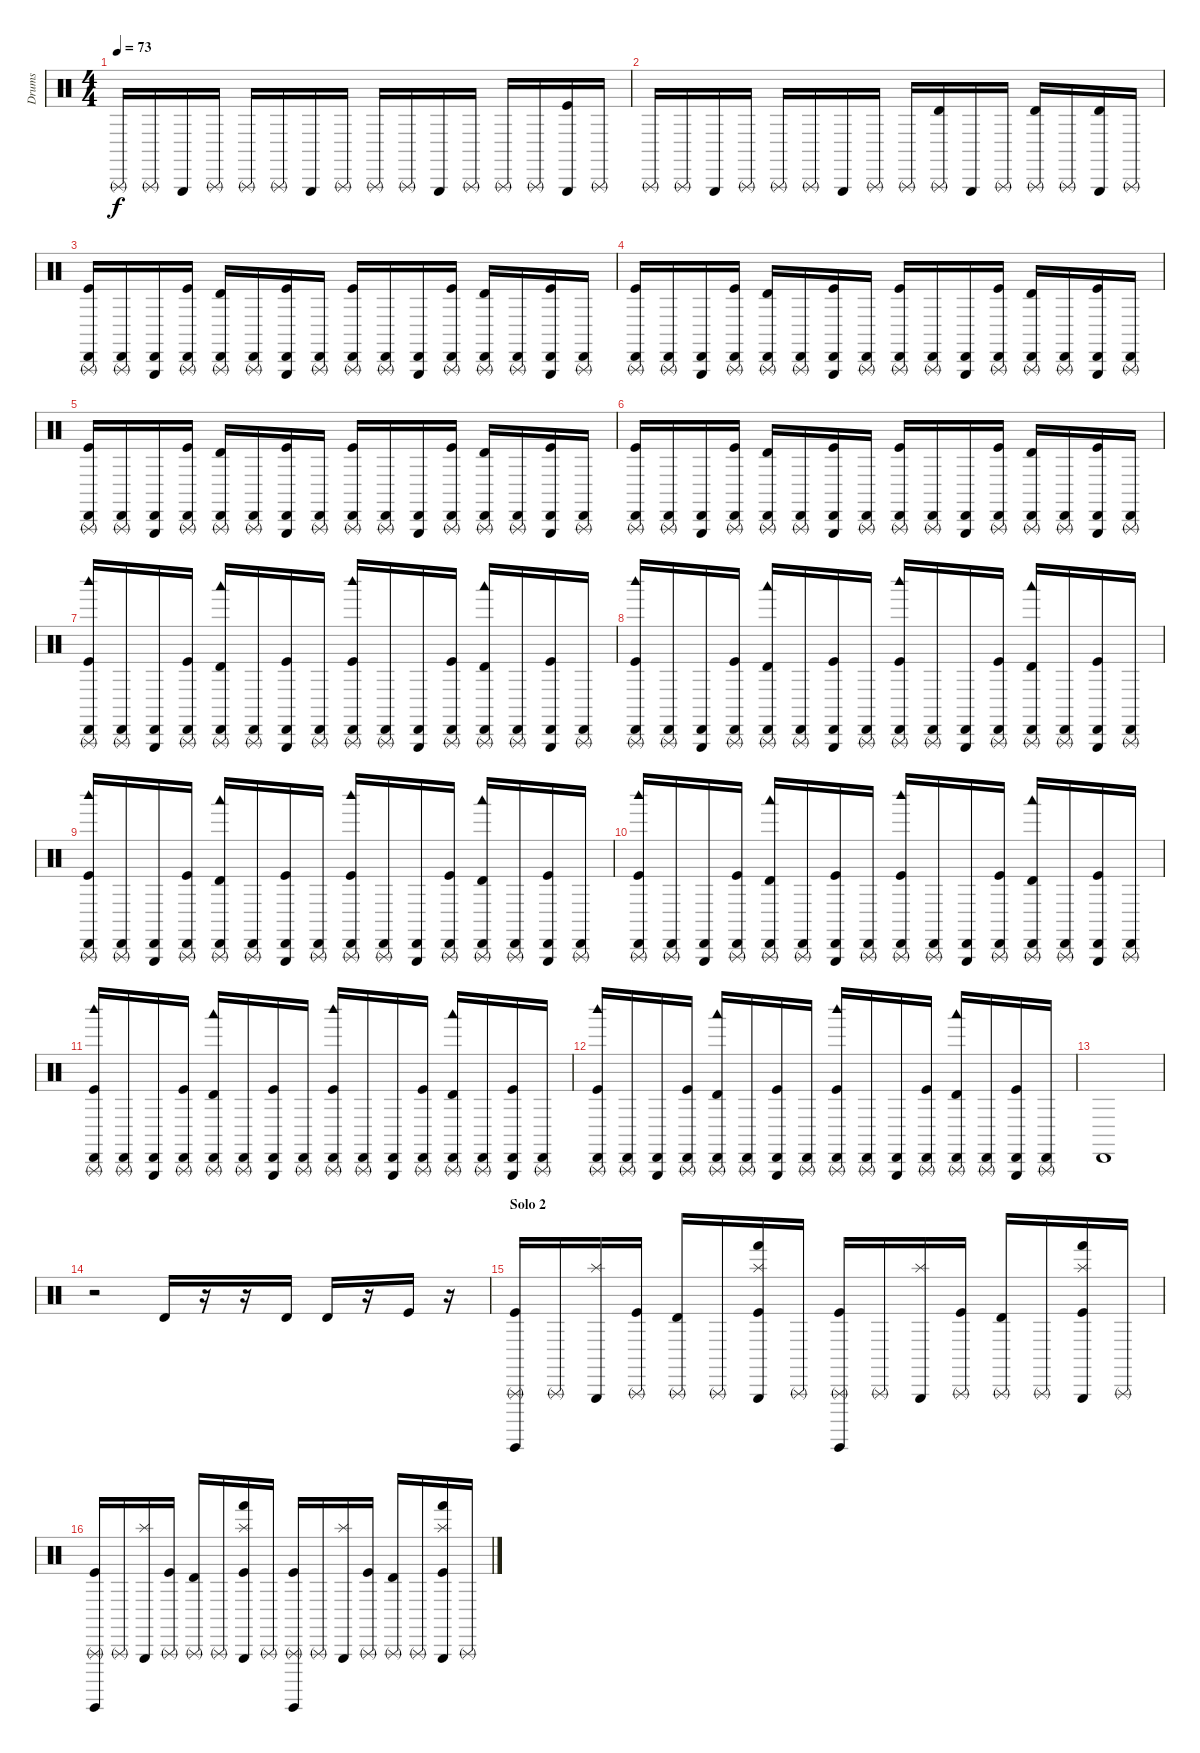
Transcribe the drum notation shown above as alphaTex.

\track ("Drums" "Drums") {instrument percussion}
\staff {score}
\articulation defaults
\ts (4 4)
\tempo 73
\clef neutral
\ks c "Triangle (rnute)".16{dy f} "Triangle (rnute)".16 "Triangle (hit)".16 "Triangle (rnute)".16 "Triangle (rnute)".16 "Triangle (rnute)".16 "Triangle (hit)".16 "Triangle (rnute)".16 "Triangle (rnute)".16 "Triangle (rnute)".16 "Triangle (hit)".16 "Triangle (rnute)".16 "Triangle (rnute)".16 "Triangle (rnute)".16
("Kick (hit)" "Triangle (hit)").16 "Triangle (rnute)".16 |
"Triangle (rnute)".16 "Triangle (rnute)".16 "Triangle (hit)".16 "Triangle (rnute)".16 "Triangle (rnute)".16 "Triangle (rnute)".16 "Triangle (hit)".16 "Triangle (rnute)".16 "Triangle (rnute)".16 ("Timbale high (hit)" "Triangle (rnute)").16 "Triangle (hit)".16 "Triangle (rnute)".16 ("Timbale high (hit)" "Triangle (rnute)").16 "Triangle (rnute)".16 ("Timbale high (hit)" "Triangle (hit)").16 "Triangle (rnute)".16 |
("Cabasa (hit)" "Kick (hit)" "Triangle (rnute)").16 ("Cabasa (hit)" "Triangle (rnute)").16 ("Cabasa (hit)" "Triangle (hit)").16 ("Cabasa (hit)" "Kick (hit)" "Triangle (rnute)").16 ("Cabasa (hit)" "Timbale high (hit)" "Triangle (rnute)").16 ("Cabasa (hit)" "Triangle (rnute)").16 ("Cabasa (hit)" "Kick (hit)" "Triangle (hit)").16 ("Cabasa (hit)" "Triangle (rnute)").16 ("Cabasa (hit)" "Kick (hit)" "Triangle (rnute)").16 ("Cabasa (hit)" "Triangle (rnute)").16 ("Cabasa (hit)" "Triangle (hit)").16 ("Cabasa (hit)" "Kick (hit)" "Triangle (rnute)").16 ("Cabasa (hit)" "Timbale high (hit)" "Triangle (rnute)").16 ("Cabasa (hit)" "Triangle (rnute)").16 ("Cabasa (hit)" "Kick (hit)" "Triangle (hit)").16 ("Cabasa (hit)" "Triangle (rnute)").16 |
("Cabasa (hit)" "Kick (hit)" "Triangle (rnute)").16 ("Cabasa (hit)" "Triangle (rnute)").16 ("Cabasa (hit)" "Triangle (hit)").16 ("Cabasa (hit)" "Kick (hit)" "Triangle (rnute)").16 ("Cabasa (hit)" "Timbale high (hit)" "Triangle (rnute)").16 ("Cabasa (hit)" "Triangle (rnute)").16 ("Cabasa (hit)" "Kick (hit)" "Triangle (hit)").16 ("Cabasa (hit)" "Triangle (rnute)").16 ("Cabasa (hit)" "Kick (hit)" "Triangle (rnute)").16 ("Cabasa (hit)" "Triangle (rnute)").16 ("Cabasa (hit)" "Triangle (hit)").16 ("Cabasa (hit)" "Kick (hit)" "Triangle (rnute)").16 ("Cabasa (hit)" "Timbale high (hit)" "Triangle (rnute)").16 ("Cabasa (hit)" "Triangle (rnute)").16 ("Cabasa (hit)" "Kick (hit)" "Triangle (hit)").16 ("Cabasa (hit)" "Triangle (rnute)").16 |
("Cabasa (hit)" "Kick (hit)" "Triangle (rnute)").16 ("Cabasa (hit)" "Triangle (rnute)").16 ("Cabasa (hit)" "Triangle (hit)").16 ("Cabasa (hit)" "Kick (hit)" "Triangle (rnute)").16 ("Cabasa (hit)" "Timbale high (hit)" "Triangle (rnute)").16 ("Cabasa (hit)" "Triangle (rnute)").16 ("Cabasa (hit)" "Kick (hit)" "Triangle (hit)").16 ("Cabasa (hit)" "Triangle (rnute)").16 ("Cabasa (hit)" "Kick (hit)" "Triangle (rnute)").16 ("Cabasa (hit)" "Triangle (rnute)").16 ("Cabasa (hit)" "Triangle (hit)").16 ("Cabasa (hit)" "Kick (hit)" "Triangle (rnute)").16 ("Cabasa (hit)" "Timbale high (hit)" "Triangle (rnute)").16 ("Cabasa (hit)" "Triangle (rnute)").16 ("Cabasa (hit)" "Kick (hit)" "Triangle (hit)").16 ("Cabasa (hit)" "Triangle (rnute)").16 |
("Cabasa (hit)" "Kick (hit)" "Triangle (rnute)").16 ("Cabasa (hit)" "Triangle (rnute)").16 ("Cabasa (hit)" "Triangle (hit)").16 ("Cabasa (hit)" "Kick (hit)" "Triangle (rnute)").16 ("Cabasa (hit)" "Timbale high (hit)" "Triangle (rnute)").16 ("Cabasa (hit)" "Triangle (rnute)").16 ("Cabasa (hit)" "Kick (hit)" "Triangle (hit)").16 ("Cabasa (hit)" "Triangle (rnute)").16 ("Cabasa (hit)" "Kick (hit)" "Triangle (rnute)").16 ("Cabasa (hit)" "Triangle (rnute)").16 ("Cabasa (hit)" "Triangle (hit)").16 ("Cabasa (hit)" "Kick (hit)" "Triangle (rnute)").16 ("Cabasa (hit)" "Timbale high (hit)" "Triangle (rnute)").16 ("Cabasa (hit)" "Triangle (rnute)").16 ("Cabasa (hit)" "Kick (hit)" "Triangle (hit)").16 ("Cabasa (hit)" "Triangle (rnute)").16 |
("Woodblock high (hit)" "Cabasa (hit)" "Kick (hit)" "Triangle (rnute)").16 ("Cabasa (hit)" "Triangle (rnute)").16 ("Cabasa (hit)" "Triangle (hit)").16 ("Cabasa (hit)" "Kick (hit)" "Triangle (rnute)").16 ("Cabasa (hit)" "Timbale high (hit)" "Woodblock low (hit)" "Triangle (rnute)").16 ("Cabasa (hit)" "Triangle (rnute)").16 ("Cabasa (hit)" "Kick (hit)" "Triangle (hit)").16 ("Cabasa (hit)" "Triangle (rnute)").16 ("Woodblock high (hit)" "Cabasa (hit)" "Kick (hit)" "Triangle (rnute)").16 ("Cabasa (hit)" "Triangle (rnute)").16 ("Cabasa (hit)" "Triangle (hit)").16 ("Cabasa (hit)" "Kick (hit)" "Triangle (rnute)").16 ("Cabasa (hit)" "Timbale high (hit)" "Woodblock low (hit)" "Triangle (rnute)").16 ("Cabasa (hit)" "Triangle (rnute)").16 ("Cabasa (hit)" "Kick (hit)" "Triangle (hit)").16 ("Cabasa (hit)" "Triangle (rnute)").16 |
("Woodblock high (hit)" "Cabasa (hit)" "Kick (hit)" "Triangle (rnute)").16 ("Cabasa (hit)" "Triangle (rnute)").16 ("Cabasa (hit)" "Triangle (hit)").16 ("Cabasa (hit)" "Kick (hit)" "Triangle (rnute)").16 ("Cabasa (hit)" "Timbale high (hit)" "Woodblock low (hit)" "Triangle (rnute)").16 ("Cabasa (hit)" "Triangle (rnute)").16 ("Cabasa (hit)" "Kick (hit)" "Triangle (hit)").16 ("Cabasa (hit)" "Triangle (rnute)").16 ("Woodblock high (hit)" "Cabasa (hit)" "Kick (hit)" "Triangle (rnute)").16 ("Cabasa (hit)" "Triangle (rnute)").16 ("Cabasa (hit)" "Triangle (hit)").16 ("Cabasa (hit)" "Kick (hit)" "Triangle (rnute)").16 ("Cabasa (hit)" "Timbale high (hit)" "Woodblock low (hit)" "Triangle (rnute)").16 ("Cabasa (hit)" "Triangle (rnute)").16 ("Cabasa (hit)" "Kick (hit)" "Triangle (hit)").16 ("Cabasa (hit)" "Triangle (rnute)").16 |
("Woodblock high (hit)" "Cabasa (hit)" "Kick (hit)" "Triangle (rnute)").16 ("Cabasa (hit)" "Triangle (rnute)").16 ("Cabasa (hit)" "Triangle (hit)").16 ("Cabasa (hit)" "Kick (hit)" "Triangle (rnute)").16 ("Cabasa (hit)" "Timbale high (hit)" "Woodblock low (hit)" "Triangle (rnute)").16 ("Cabasa (hit)" "Triangle (rnute)").16 ("Cabasa (hit)" "Kick (hit)" "Triangle (hit)").16 ("Cabasa (hit)" "Triangle (rnute)").16 ("Woodblock high (hit)" "Cabasa (hit)" "Kick (hit)" "Triangle (rnute)").16 ("Cabasa (hit)" "Triangle (rnute)").16 ("Cabasa (hit)" "Triangle (hit)").16 ("Cabasa (hit)" "Kick (hit)" "Triangle (rnute)").16 ("Cabasa (hit)" "Timbale high (hit)" "Woodblock low (hit)" "Triangle (rnute)").16 ("Cabasa (hit)" "Triangle (rnute)").16 ("Cabasa (hit)" "Kick (hit)" "Triangle (hit)").16 ("Cabasa (hit)" "Triangle (rnute)").16 |
("Woodblock high (hit)" "Cabasa (hit)" "Kick (hit)" "Triangle (rnute)").16 ("Cabasa (hit)" "Triangle (rnute)").16 ("Cabasa (hit)" "Triangle (hit)").16 ("Cabasa (hit)" "Kick (hit)" "Triangle (rnute)").16 ("Cabasa (hit)" "Timbale high (hit)" "Woodblock low (hit)" "Triangle (rnute)").16 ("Cabasa (hit)" "Triangle (rnute)").16 ("Cabasa (hit)" "Kick (hit)" "Triangle (hit)").16 ("Cabasa (hit)" "Triangle (rnute)").16 ("Woodblock high (hit)" "Cabasa (hit)" "Kick (hit)" "Triangle (rnute)").16 ("Cabasa (hit)" "Triangle (rnute)").16 ("Cabasa (hit)" "Triangle (hit)").16 ("Cabasa (hit)" "Kick (hit)" "Triangle (rnute)").16 ("Cabasa (hit)" "Timbale high (hit)" "Woodblock low (hit)" "Triangle (rnute)").16 ("Cabasa (hit)" "Triangle (rnute)").16 ("Cabasa (hit)" "Kick (hit)" "Triangle (hit)").16 ("Cabasa (hit)" "Triangle (rnute)").16 |
("Woodblock high (hit)" "Cabasa (hit)" "Kick (hit)" "Triangle (rnute)").16 ("Cabasa (hit)" "Triangle (rnute)").16 ("Cabasa (hit)" "Triangle (hit)").16 ("Cabasa (hit)" "Kick (hit)" "Triangle (rnute)").16 ("Cabasa (hit)" "Timbale high (hit)" "Woodblock low (hit)" "Triangle (rnute)").16 ("Cabasa (hit)" "Triangle (rnute)").16 ("Cabasa (hit)" "Kick (hit)" "Triangle (hit)").16 ("Cabasa (hit)" "Triangle (rnute)").16 ("Woodblock high (hit)" "Cabasa (hit)" "Kick (hit)" "Triangle (rnute)").16 ("Cabasa (hit)" "Triangle (rnute)").16 ("Cabasa (hit)" "Triangle (hit)").16 ("Cabasa (hit)" "Kick (hit)" "Triangle (rnute)").16 ("Cabasa (hit)" "Timbale high (hit)" "Woodblock low (hit)" "Triangle (rnute)").16 ("Cabasa (hit)" "Triangle (rnute)").16 ("Cabasa (hit)" "Kick (hit)" "Triangle (hit)").16 ("Cabasa (hit)" "Triangle (rnute)").16 |
("Woodblock high (hit)" "Cabasa (hit)" "Kick (hit)" "Triangle (rnute)").16 ("Cabasa (hit)" "Triangle (rnute)").16 ("Cabasa (hit)" "Triangle (hit)").16 ("Cabasa (hit)" "Kick (hit)" "Triangle (rnute)").16 ("Cabasa (hit)" "Timbale high (hit)" "Woodblock low (hit)" "Triangle (rnute)").16 ("Cabasa (hit)" "Triangle (rnute)").16 ("Cabasa (hit)" "Kick (hit)" "Triangle (hit)").16 ("Cabasa (hit)" "Triangle (rnute)").16 ("Woodblock high (hit)" "Cabasa (hit)" "Kick (hit)" "Triangle (rnute)").16 ("Cabasa (hit)" "Triangle (rnute)").16 ("Cabasa (hit)" "Triangle (hit)").16 ("Cabasa (hit)" "Kick (hit)" "Triangle (rnute)").16 ("Cabasa (hit)" "Timbale high (hit)" "Woodblock low (hit)" "Triangle (rnute)").16 ("Cabasa (hit)" "Triangle (rnute)").16 ("Cabasa (hit)" "Kick (hit)" "Triangle (hit)").16 ("Cabasa (hit)" "Triangle (rnute)").16 |
"Cabasa (hit)".1 |
r.2 "Timbale high (hit)".16 r.16 r.16 "Timbale high (hit)".16 "Timbale high (hit)".16 r.16 "Kick (hit)".16 r.16 |
\section ("" "Solo 2")
("Guiro (hit)" "Kick (hit)" "Triangle (rnute)").16 "Triangle (rnute)".16 ("Triangle (hit)" "Splash (hit)").16 ("Kick (hit)" "Triangle (rnute)").16 ("Timbale high (hit)" "Triangle (rnute)").16 "Triangle (rnute)".16 ("Hand (hit)" "Kick (hit)" "Triangle (hit)" "Splash (hit)").16 "Triangle (rnute)".16 ("Guiro (hit)" "Kick (hit)" "Triangle (rnute)").16 "Triangle (rnute)".16 ("Triangle (hit)" "Splash (hit)").16 ("Kick (hit)" "Triangle (rnute)").16 ("Timbale high (hit)" "Triangle (rnute)").16 "Triangle (rnute)".16 ("Hand (hit)" "Kick (hit)" "Triangle (hit)" "Splash (hit)").16 "Triangle (rnute)".16 |
("Guiro (hit)" "Kick (hit)" "Triangle (rnute)").16 "Triangle (rnute)".16 ("Triangle (hit)" "Splash (hit)").16 ("Kick (hit)" "Triangle (rnute)").16 ("Timbale high (hit)" "Triangle (rnute)").16 "Triangle (rnute)".16 ("Hand (hit)" "Kick (hit)" "Triangle (hit)" "Splash (hit)").16 "Triangle (rnute)".16 ("Guiro (hit)" "Kick (hit)" "Triangle (rnute)").16 "Triangle (rnute)".16 ("Triangle (hit)" "Splash (hit)").16 ("Kick (hit)" "Triangle (rnute)").16 ("Timbale high (hit)" "Triangle (rnute)").16 "Triangle (rnute)".16 ("Hand (hit)" "Kick (hit)" "Triangle (hit)" "Splash (hit)").16 "Triangle (rnute)".16

▸ EXERCISE GOAL: Copy each line containing the word "Guiro" from the data.

▸ COMPLETED EXERCISE:
("Guiro (hit)" "Kick (hit)" "Triangle (rnute)").16 "Triangle (rnute)".16 ("Triangle (hit)" "Splash (hit)").16 ("Kick (hit)" "Triangle (rnute)").16 ("Timbale high (hit)" "Triangle (rnute)").16 "Triangle (rnute)".16 ("Hand (hit)" "Kick (hit)" "Triangle (hit)" "Splash (hit)").16 "Triangle (rnute)".16 ("Guiro (hit)" "Kick (hit)" "Triangle (rnute)").16 "Triangle (rnute)".16 ("Triangle (hit)" "Splash (hit)").16 ("Kick (hit)" "Triangle (rnute)").16 ("Timbale high (hit)" "Triangle (rnute)").16 "Triangle (rnute)".16 ("Hand (hit)" "Kick (hit)" "Triangle (hit)" "Splash (hit)").16 "Triangle (rnute)".16 |
("Guiro (hit)" "Kick (hit)" "Triangle (rnute)").16 "Triangle (rnute)".16 ("Triangle (hit)" "Splash (hit)").16 ("Kick (hit)" "Triangle (rnute)").16 ("Timbale high (hit)" "Triangle (rnute)").16 "Triangle (rnute)".16 ("Hand (hit)" "Kick (hit)" "Triangle (hit)" "Splash (hit)").16 "Triangle (rnute)".16 ("Guiro (hit)" "Kick (hit)" "Triangle (rnute)").16 "Triangle (rnute)".16 ("Triangle (hit)" "Splash (hit)").16 ("Kick (hit)" "Triangle (rnute)").16 ("Timbale high (hit)" "Triangle (rnute)").16 "Triangle (rnute)".16 ("Hand (hit)" "Kick (hit)" "Triangle (hit)" "Splash (hit)").16 "Triangle (rnute)".16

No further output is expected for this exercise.